Microsoft should never have abandoned the original "Wow" Windows Vista marketing campaign. It brought new meaning to the term "marketing blitz." The campaign flashed by before anybody could blink and say, "Wow." Even if Microsoft executives loathed the ads, better to keep them than have nothing. I remain convinced that the Vista marketing campaign could have been very effective. The TV commercials were aspirational, potentially creating positive feelings about the then-mysterious Windows Vista.

Products don't sell themselves. There are good reasons why companies market their stuff. Products must be sold. The best sales pitch is life betterment. Why are people waiting a week in line to buy Apple's iPhone 3G? Because they believe the device will make better their puny little lives. Apple iPhone TV commercials run during most popular primetime programs. The marketing works.

There has been nobody out there saying how good is Windows Vista. But there are plenty of voices, including Apple's "Get a Mac" ads, shouting about how bad is the operating system. It's disgusting that Microsoft showed so little Vista marketing concern for so long. Any ad would be better than none.

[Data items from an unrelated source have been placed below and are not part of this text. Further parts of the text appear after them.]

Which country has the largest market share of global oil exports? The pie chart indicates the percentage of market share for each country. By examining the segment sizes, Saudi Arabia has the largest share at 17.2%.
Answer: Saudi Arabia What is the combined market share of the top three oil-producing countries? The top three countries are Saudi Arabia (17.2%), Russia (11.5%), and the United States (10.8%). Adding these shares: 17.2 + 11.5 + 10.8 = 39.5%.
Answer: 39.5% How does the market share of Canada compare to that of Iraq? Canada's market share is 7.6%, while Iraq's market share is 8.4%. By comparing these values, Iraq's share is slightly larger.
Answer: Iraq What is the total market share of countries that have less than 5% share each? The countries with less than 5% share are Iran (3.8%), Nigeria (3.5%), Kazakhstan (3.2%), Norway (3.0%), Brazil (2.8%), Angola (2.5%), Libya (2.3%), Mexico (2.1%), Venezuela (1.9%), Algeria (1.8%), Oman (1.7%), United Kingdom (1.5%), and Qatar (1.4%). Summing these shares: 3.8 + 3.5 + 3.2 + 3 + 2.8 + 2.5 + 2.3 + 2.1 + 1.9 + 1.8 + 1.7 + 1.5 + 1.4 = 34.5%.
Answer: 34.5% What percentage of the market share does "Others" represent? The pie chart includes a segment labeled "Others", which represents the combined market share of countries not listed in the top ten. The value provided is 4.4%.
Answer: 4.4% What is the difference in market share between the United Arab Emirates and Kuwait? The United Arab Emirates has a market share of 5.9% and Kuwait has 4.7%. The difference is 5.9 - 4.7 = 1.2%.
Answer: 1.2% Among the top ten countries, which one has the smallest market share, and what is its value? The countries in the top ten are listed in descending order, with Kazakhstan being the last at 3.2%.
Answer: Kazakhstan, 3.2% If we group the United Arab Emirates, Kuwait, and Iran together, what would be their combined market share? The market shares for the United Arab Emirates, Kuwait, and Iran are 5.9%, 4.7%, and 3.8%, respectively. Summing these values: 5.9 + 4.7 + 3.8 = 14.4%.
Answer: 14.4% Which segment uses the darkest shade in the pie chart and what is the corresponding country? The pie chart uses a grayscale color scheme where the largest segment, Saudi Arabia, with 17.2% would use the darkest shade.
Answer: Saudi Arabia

Suddenly, there's bravado. Microsoft is making promises about real Vista marketing. Earth to Microsoft, it's going to be too little too late. Windows Vista is the high school outcast. It has got a bad reputation, and people won't easily forget. Marketing damage control is better than nothing, but it could have been avoided. Microsoft should never have given up on "Wow."

Whatever Microsoft does next can't be much worse than nothing. Still, the new marketing campaign, presumably for Windows Vista plus Windows Live, has got to have punch. The marketing must be creative, funny and aspirational—why your life will be better for buying a Windows Vista PC. Microsoft has to make people want Vista.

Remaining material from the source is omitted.